The molecular genealogy of the male descendants of the Niru’un Mongols assumes a detailed study of all branches (Additional file 11) using sequencing of full Y-chromosomes in the future. In particular, SNP typing for Y12782 subclades (“Uissun” α-cluster), F8949 (“Kerey” β-cluster) and SNP subclade detection for the Jalair γ-cluster, as well as a comparison of the Uissuns with data on ancient DNA of proto-Mongols and early Wusun people on the whole-genome scale are needed.

In conclusion, our data do not confirm the hypothesis of the Uissun’s origin from the early Wusuns or from the Darligin Mongols [4, 7]. Instead, the genetic similarity of the paternal lineages of the population from South Kazakhstan and the early Niru’un Mongols has been proposed.

Methods

Blood samples of the Kazakh male individuals were collected in Kazakhstan during field trips conducted in 2009, 2010, and 2014 following the rules of biobanking for population genetics [23]. Ethical approval was received from the Ethics Committee of the Research Centre for Medical Genetics (Moscow, Russia), National Center for Biotechnology and the National Laboratory Astana (Nur-Sultan, Kazakhstan). Eleven clans of South Kazakhstan were studied. In total 490 samples were collected with the written informed consent.

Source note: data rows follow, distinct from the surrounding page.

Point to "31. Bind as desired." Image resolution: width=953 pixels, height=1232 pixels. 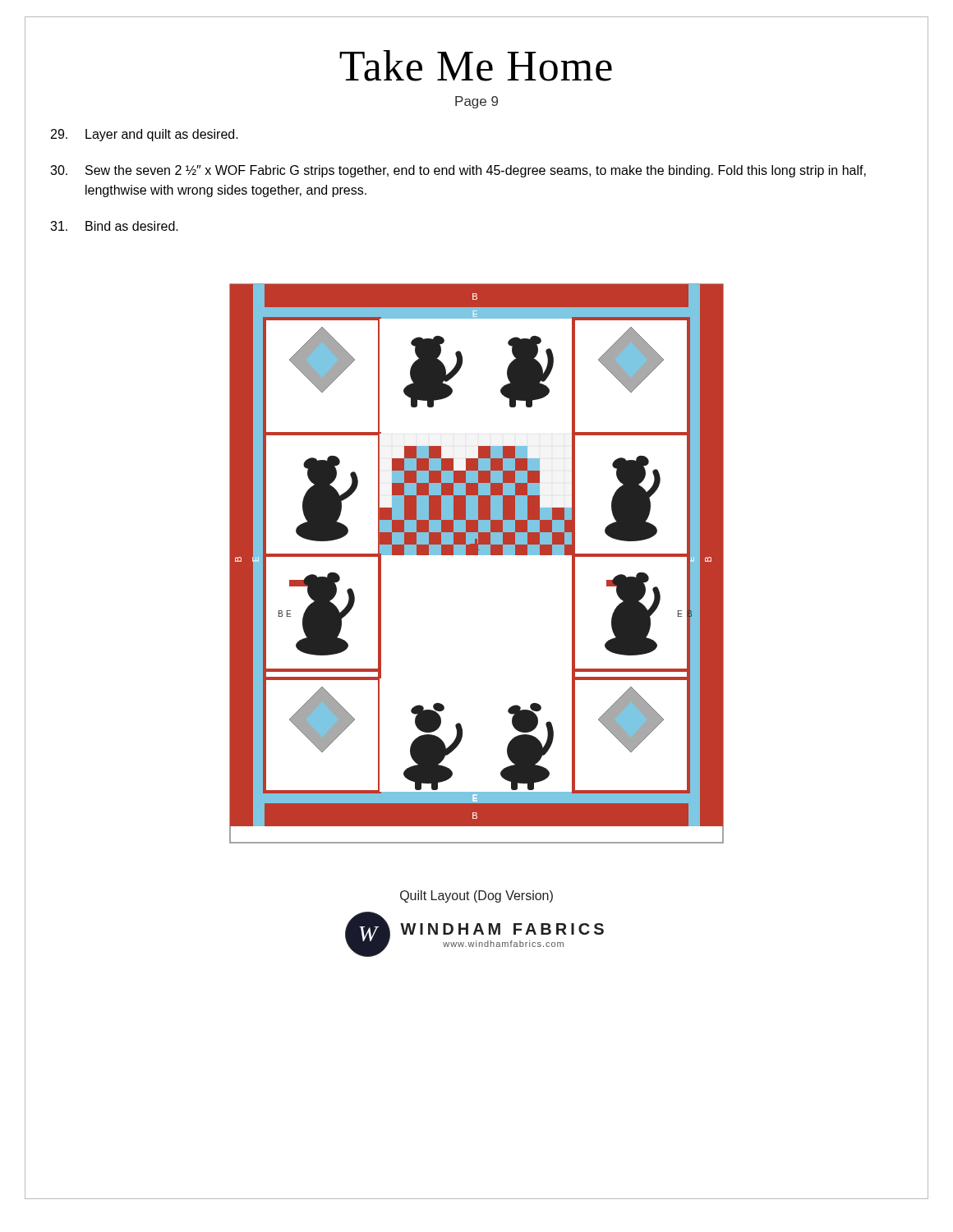(115, 227)
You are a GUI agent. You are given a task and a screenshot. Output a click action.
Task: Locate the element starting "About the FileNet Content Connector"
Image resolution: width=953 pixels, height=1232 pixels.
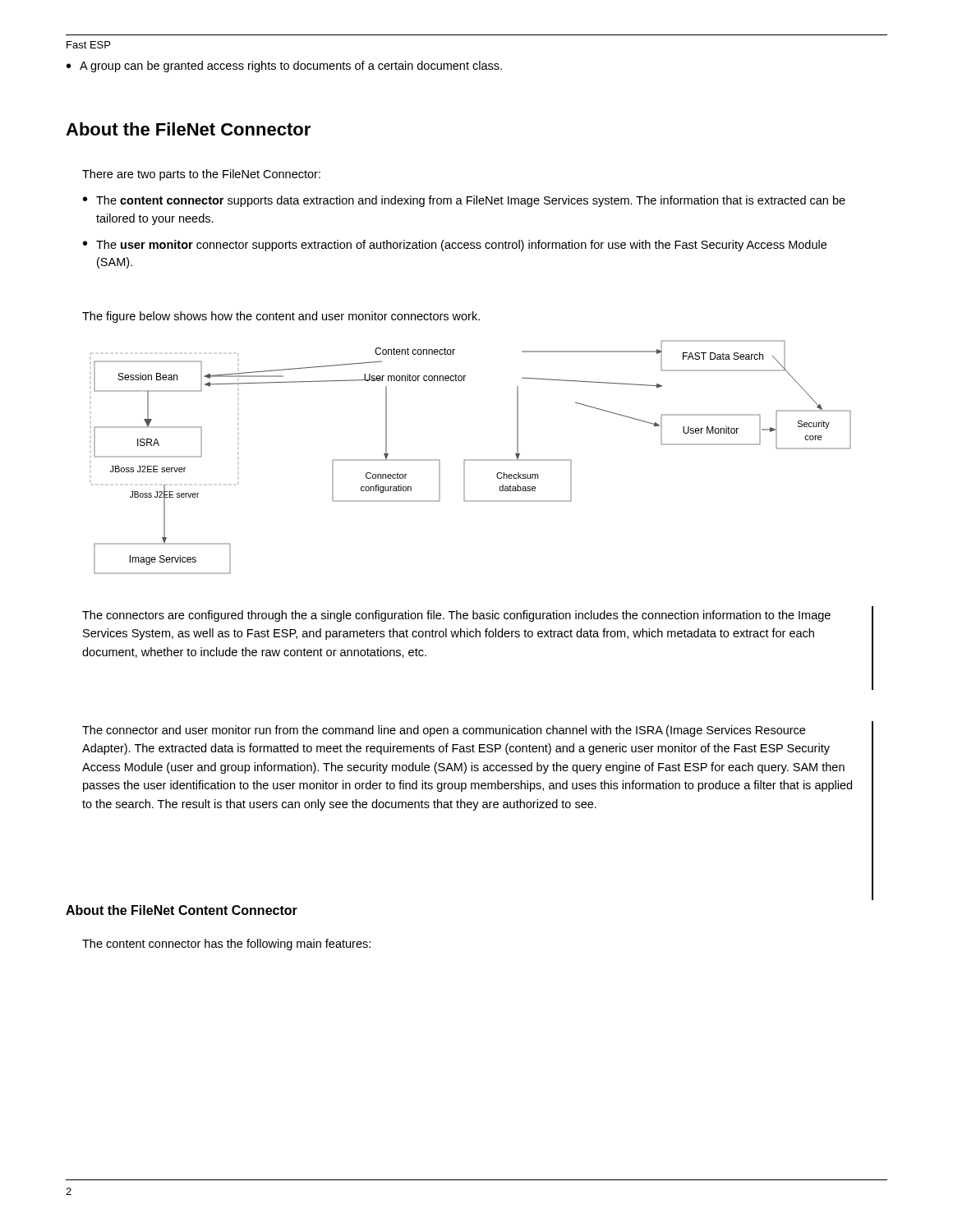click(181, 910)
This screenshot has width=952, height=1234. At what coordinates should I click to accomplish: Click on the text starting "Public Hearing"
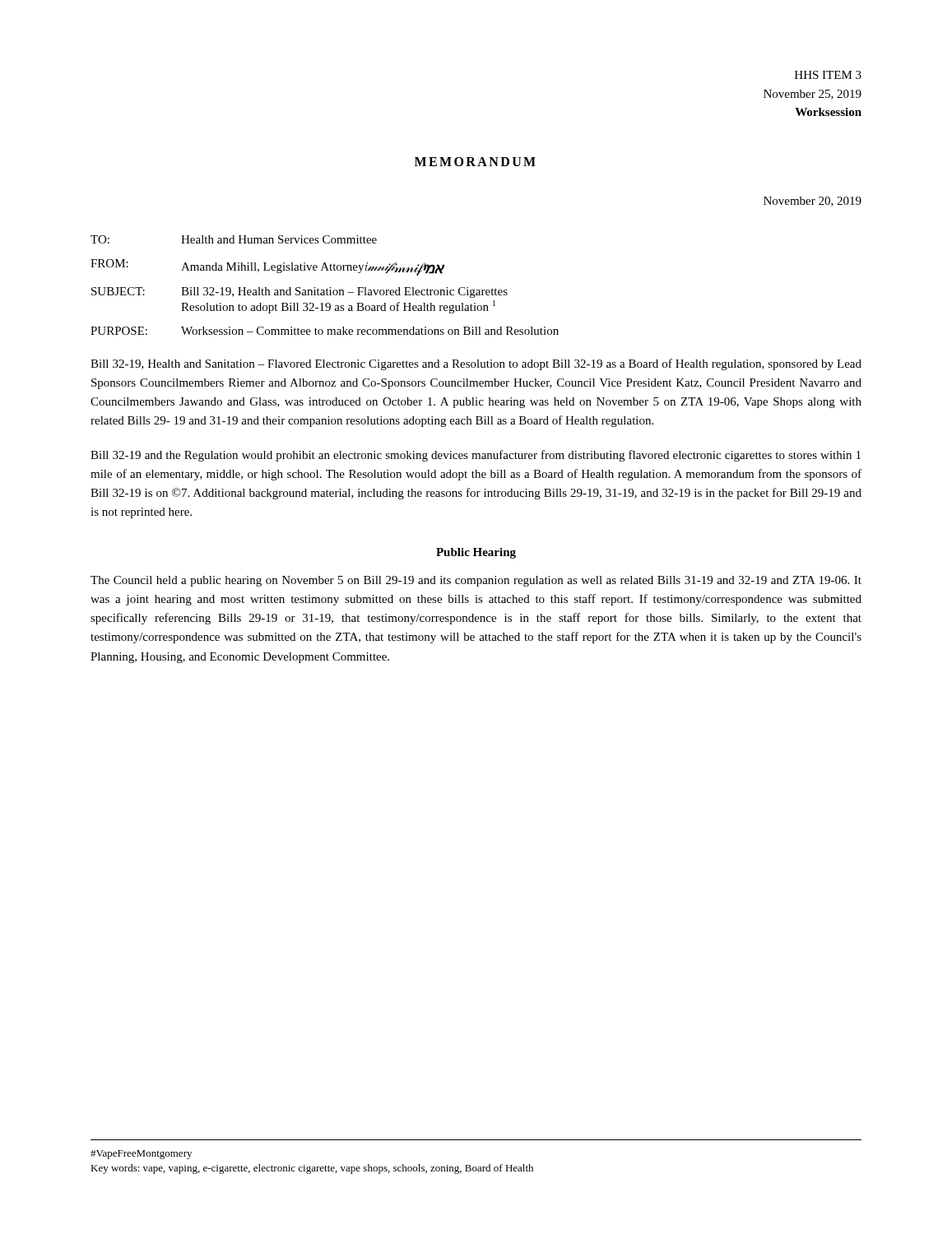click(x=476, y=552)

Genomic DNA extraction, genotyping, statistical analysis and median network analysis were done as described previously [20]. The 35 Y-chromosomal SNPs (M130, M217, M48, M407, M174, M35.1, M78, M123, M285, P15, M69, M170, M253, P37.2, M267, P58, M172, M47, M67, M12, M92, M20, M231, M178, M175, M119, M122, M134, M242, M207, M198, M343, M269, M124, M70) were genotyped using TaqMan assays on the 7900HT Real-Time PCR System. Haplogroups name were given according to the nomenclature of International Society of Genetic Genealogy (https://isogg.org/). Fragment analysis of 17 Y-STR loci was performed with the Y-filer PCR Amplification Kit (Life Technologies) on the ABI 3130xl and 3500xl genetic analyzers. Y-STR haplotypes of C2*-ST were identified based on the Wei paper [10]. A subset of Kazakh samples (N = 70) belonged to C2*-ST and one sample belonged to Daur Clade were genotyped by F3796 and F8951 SNPs. Subclades of C2*-ST were also genotyped by (F11899[synonym F9700], F1072, F117991[synonym F9747], F5481, F8949, F9266[synonym F9033], F11165, Y12782). Phylogenetic networks of Y-STR haplotypes were constructed using the Network 5 and Network Publisher software [24, 25], excluding DYS385a/b. Data on 549 samples belonged to C2*-ST haplogroup from 25 populations were used from previous studies (Additional file 7). The stability of the phylogenetic pattern has been investigated by random omitting 10% of samples and repeating the analysis; the same clusters have been identified in this experiment. Cluster ages were determined using the rho-statistic [26, 27]. The mutation rate of 2.1 × 10− 3 mutations per STR per generation was used [28]. The generation time was set to 30 years [29]. Additional data on 133 samples belonged to Senior Zhuz were collected from citizen science databases [30] and analyzed for discussion (Additional file 3). Nei’s genetic distances between clans were calculated using and the DJ software [31]. Multidimensional scaling, cluster analysis (Ward’s method), and principal component analysis were conducted using the Statistica v.7.1 software [32].